Posted in Articles, Literary/Artistic Criticism, Media Archive, Passing, United States on 2017-07-13 00:29Z by Steven

A Mysterious Heart: ‘Passing’ and the Narrative Enigma in Faulkner’s “Light in August” and “Absalom, Absalom!”

Amerikastudien / American Studies
Volume 58, Number 1, 2013
pages 51-78

Marta Puxan-Oliva
Department of Modern Language and Literatures and English Studies
University of Barcelona , Barcelona, Spain

This essay argues that William Faulkner’s Light in August and Absalom, Absalom! use the device of the narrative enigma to effectively tell stories in which the cultural practice of ‘passing for white‘ in the United States under the Jim Crow system is strongly suggested. The secret is the essential feature of the social practice of passing, which makes the construction of the plot around a narrative enigma especially suitable. By not resolving the narrative enigma, the novels not only preserve the secret of the supposed ‘passers,’ but construct a narrative that departs from the most important conventions of the so-called genre of the passing novel. The truly modernist narrative strategy of placing an unresolved mystery to drive the plot even allows Faulkner to go a step further: the narrative can portray the Southern white fear of passing with even more significance than the actual act of passing itself. It is precisely the fact that the main characters, Joe Christmas and Charles Bon, have uncertain blood origins that allows and even urges the white community of Jefferson to build a story set only upon conjecture along established racial patterns. Therefore, the effect of the narrative enigma is twofold: it retains the racialization of the story and preserves the secret of the passers, while ambiguously uncovering the false grounds upon which the fear of miscegenation constructs and maintains racial boundaries.

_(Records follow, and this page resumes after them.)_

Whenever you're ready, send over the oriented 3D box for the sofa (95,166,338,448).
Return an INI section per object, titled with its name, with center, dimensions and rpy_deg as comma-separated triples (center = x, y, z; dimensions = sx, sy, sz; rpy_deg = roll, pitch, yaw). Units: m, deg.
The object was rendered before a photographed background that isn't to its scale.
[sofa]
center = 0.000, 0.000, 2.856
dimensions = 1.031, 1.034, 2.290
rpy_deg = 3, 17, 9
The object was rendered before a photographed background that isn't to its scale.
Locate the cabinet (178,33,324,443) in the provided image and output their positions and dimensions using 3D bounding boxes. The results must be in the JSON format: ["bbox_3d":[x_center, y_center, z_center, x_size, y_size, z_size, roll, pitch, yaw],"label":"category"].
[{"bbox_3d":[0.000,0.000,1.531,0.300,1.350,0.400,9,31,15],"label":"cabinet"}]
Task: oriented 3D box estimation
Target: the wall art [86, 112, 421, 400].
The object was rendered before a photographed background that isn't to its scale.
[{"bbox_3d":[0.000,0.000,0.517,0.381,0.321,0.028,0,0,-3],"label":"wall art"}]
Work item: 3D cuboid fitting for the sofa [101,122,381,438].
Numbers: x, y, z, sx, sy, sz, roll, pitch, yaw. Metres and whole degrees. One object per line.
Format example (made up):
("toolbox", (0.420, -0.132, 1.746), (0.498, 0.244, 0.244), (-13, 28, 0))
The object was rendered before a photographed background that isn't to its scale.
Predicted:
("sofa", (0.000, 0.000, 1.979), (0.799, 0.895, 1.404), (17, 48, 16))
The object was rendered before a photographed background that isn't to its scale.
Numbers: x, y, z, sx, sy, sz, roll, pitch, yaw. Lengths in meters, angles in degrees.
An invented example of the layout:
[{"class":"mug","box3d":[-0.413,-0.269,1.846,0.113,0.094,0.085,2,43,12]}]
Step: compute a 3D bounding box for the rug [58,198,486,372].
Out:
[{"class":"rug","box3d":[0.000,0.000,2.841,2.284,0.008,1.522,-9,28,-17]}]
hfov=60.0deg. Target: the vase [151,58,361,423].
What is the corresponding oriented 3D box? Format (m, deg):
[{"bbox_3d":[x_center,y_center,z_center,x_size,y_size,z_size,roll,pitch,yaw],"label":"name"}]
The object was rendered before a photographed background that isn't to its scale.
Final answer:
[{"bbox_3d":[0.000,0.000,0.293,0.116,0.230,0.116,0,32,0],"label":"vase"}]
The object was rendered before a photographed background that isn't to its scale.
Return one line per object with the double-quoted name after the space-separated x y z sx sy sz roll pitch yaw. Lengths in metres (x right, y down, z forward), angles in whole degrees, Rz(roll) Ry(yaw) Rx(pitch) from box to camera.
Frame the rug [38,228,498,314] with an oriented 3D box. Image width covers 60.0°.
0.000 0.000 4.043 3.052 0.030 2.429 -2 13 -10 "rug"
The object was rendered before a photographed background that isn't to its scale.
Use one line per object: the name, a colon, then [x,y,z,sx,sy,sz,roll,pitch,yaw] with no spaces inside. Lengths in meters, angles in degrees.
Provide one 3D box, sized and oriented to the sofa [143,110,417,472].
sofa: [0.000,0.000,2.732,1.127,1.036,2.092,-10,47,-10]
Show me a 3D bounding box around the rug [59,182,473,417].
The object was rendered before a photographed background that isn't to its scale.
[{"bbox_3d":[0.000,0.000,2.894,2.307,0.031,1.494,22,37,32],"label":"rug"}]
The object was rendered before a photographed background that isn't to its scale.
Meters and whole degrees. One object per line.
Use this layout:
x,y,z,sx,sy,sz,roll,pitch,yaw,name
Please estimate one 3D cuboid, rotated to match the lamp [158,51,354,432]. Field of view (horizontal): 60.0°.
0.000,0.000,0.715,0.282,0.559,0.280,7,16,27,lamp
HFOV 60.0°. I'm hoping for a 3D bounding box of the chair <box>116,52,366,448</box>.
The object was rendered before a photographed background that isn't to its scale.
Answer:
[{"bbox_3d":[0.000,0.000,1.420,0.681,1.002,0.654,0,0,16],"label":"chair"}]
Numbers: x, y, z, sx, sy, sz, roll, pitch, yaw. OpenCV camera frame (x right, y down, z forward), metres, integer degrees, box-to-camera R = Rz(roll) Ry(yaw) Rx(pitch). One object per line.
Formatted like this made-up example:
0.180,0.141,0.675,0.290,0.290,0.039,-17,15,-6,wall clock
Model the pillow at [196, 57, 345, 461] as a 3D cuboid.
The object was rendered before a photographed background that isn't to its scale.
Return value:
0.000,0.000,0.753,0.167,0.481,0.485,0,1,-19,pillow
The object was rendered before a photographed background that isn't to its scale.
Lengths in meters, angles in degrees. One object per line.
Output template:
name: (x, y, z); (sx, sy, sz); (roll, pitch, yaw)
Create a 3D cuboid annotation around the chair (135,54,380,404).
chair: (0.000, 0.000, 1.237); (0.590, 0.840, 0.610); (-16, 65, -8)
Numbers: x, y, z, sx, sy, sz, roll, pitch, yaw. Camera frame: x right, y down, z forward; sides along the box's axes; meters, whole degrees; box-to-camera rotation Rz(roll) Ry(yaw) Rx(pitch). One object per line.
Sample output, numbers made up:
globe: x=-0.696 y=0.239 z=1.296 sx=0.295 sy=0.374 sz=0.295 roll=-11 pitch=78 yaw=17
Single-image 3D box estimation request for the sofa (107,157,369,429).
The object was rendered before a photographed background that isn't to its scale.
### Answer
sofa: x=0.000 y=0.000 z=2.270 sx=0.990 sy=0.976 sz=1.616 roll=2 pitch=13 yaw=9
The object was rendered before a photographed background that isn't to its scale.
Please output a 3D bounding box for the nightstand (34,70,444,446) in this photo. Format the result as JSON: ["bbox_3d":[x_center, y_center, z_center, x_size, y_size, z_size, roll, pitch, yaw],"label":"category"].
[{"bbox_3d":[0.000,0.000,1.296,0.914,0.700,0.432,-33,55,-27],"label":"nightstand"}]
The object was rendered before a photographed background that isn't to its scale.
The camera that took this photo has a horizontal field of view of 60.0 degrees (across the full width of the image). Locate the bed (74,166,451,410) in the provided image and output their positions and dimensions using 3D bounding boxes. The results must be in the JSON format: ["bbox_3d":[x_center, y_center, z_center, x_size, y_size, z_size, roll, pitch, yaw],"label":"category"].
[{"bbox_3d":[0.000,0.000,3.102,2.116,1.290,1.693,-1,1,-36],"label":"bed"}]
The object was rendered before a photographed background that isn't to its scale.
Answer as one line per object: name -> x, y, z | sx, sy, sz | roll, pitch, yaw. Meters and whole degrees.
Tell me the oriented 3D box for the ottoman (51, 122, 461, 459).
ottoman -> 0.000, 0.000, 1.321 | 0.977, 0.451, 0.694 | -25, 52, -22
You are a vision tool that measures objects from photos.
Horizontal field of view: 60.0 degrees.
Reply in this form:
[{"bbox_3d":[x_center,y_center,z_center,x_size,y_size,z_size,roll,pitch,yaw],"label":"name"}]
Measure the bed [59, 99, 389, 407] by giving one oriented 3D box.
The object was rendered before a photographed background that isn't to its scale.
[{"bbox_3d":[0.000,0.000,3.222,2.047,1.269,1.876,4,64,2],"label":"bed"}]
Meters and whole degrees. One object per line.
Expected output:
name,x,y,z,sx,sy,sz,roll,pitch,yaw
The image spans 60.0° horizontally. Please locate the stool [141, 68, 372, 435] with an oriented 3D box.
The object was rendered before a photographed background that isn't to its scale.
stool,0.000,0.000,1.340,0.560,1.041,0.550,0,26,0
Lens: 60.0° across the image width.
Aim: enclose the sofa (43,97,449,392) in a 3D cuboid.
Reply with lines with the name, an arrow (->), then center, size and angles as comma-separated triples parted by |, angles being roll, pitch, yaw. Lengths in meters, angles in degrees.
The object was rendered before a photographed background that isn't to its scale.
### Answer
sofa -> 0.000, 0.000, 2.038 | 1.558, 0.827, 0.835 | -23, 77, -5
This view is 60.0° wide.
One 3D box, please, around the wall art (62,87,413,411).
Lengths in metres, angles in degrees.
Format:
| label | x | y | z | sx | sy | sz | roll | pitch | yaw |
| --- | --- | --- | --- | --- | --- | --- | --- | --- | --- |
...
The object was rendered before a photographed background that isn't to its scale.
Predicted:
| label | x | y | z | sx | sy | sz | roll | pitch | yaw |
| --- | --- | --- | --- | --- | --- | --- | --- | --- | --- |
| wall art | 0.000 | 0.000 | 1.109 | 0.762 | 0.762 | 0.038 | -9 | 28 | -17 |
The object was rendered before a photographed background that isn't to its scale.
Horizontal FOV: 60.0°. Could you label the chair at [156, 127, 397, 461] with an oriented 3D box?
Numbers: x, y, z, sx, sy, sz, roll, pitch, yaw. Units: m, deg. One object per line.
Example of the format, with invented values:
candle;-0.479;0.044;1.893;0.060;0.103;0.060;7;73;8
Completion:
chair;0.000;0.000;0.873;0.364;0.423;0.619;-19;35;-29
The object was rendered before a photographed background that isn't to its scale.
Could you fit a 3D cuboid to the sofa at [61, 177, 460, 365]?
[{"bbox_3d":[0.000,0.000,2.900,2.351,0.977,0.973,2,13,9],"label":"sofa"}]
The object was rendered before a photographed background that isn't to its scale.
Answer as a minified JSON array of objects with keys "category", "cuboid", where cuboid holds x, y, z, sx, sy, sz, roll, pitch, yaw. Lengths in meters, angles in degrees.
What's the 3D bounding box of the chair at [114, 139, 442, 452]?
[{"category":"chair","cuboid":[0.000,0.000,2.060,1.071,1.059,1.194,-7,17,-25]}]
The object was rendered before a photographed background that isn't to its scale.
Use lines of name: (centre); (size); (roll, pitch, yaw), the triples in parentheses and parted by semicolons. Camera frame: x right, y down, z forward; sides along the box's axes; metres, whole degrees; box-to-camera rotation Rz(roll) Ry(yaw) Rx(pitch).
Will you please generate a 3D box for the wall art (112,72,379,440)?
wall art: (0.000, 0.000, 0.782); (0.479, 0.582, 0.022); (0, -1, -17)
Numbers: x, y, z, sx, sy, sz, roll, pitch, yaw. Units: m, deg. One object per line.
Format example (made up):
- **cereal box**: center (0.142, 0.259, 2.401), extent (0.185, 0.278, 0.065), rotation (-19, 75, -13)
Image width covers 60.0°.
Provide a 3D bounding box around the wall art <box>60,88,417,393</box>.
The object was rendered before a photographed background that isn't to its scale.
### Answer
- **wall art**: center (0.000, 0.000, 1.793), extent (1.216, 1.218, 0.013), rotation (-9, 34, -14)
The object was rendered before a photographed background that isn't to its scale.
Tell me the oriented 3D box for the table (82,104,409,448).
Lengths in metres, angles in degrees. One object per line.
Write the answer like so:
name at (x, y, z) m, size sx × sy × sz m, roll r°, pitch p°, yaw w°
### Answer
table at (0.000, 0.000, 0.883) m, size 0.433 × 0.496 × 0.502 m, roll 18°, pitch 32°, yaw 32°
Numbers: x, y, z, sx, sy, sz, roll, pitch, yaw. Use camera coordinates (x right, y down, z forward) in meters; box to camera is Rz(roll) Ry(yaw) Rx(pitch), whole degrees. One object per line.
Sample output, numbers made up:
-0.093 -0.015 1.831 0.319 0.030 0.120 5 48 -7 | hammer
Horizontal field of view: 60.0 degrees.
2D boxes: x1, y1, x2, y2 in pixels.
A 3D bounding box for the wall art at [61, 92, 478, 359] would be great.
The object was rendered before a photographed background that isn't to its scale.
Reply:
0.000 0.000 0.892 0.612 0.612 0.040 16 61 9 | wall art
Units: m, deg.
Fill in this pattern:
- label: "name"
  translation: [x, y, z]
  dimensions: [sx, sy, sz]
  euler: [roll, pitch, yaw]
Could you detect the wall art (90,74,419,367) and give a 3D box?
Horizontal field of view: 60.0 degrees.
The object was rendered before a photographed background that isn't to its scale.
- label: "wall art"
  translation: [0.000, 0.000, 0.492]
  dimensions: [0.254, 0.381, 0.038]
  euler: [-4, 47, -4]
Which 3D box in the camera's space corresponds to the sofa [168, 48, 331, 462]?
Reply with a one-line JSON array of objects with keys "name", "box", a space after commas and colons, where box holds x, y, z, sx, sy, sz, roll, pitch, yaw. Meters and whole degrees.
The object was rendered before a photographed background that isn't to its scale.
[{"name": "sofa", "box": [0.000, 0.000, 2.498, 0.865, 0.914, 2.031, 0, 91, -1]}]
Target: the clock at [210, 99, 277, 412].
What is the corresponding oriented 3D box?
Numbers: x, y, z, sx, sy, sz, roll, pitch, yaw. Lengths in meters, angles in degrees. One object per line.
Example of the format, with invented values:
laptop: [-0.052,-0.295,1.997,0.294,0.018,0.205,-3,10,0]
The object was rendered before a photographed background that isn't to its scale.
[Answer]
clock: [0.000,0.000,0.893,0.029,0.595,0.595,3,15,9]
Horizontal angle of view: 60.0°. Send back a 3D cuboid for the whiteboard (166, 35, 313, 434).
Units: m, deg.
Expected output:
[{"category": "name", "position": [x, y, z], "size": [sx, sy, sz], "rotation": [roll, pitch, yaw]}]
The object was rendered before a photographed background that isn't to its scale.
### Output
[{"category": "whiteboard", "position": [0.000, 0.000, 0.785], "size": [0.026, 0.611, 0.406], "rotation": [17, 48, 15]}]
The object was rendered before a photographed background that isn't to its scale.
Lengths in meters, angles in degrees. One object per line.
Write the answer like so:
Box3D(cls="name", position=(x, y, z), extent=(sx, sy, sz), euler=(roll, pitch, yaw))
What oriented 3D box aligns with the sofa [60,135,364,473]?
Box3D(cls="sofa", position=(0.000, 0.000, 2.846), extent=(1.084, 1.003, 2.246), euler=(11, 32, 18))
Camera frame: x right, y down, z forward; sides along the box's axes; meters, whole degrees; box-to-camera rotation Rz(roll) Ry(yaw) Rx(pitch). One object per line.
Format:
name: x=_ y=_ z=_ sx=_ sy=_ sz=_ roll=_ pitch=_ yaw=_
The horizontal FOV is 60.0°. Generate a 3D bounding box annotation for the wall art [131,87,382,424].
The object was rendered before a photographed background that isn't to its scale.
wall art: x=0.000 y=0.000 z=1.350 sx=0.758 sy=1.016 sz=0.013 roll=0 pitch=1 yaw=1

He passes away under a cloud, inscrutable at heart, forgotten. unforgiven, and excessively romantic.
Joseph Conrad, Lord Jim

Sometimes literature illuminates in a striking way the emotional and historical effects that contemporary social practices—no longer operative today—had in the past, providing an understanding that an analysis from the viewpoint of our transformed, contemporary societies cannot offer. This is the case with the practice of ‘passing’ in the United States, and with the series of novels that constitute what has been labeled the passing novel genre. Joel Williamson defines ‘passing’ as “crossing the race line and winning acceptance as white in the white world” (100). Movement in the opposite direction is less common. Even though the practice survives—broadened to include gender passing, but still primarily denoting racial or ethnic mobility—the force and historical function that passing for white had during the Jim Crow period, which peaks in the late nineteenth century and the interwar period, perished with the end of segregation. Viewed as a genre, the…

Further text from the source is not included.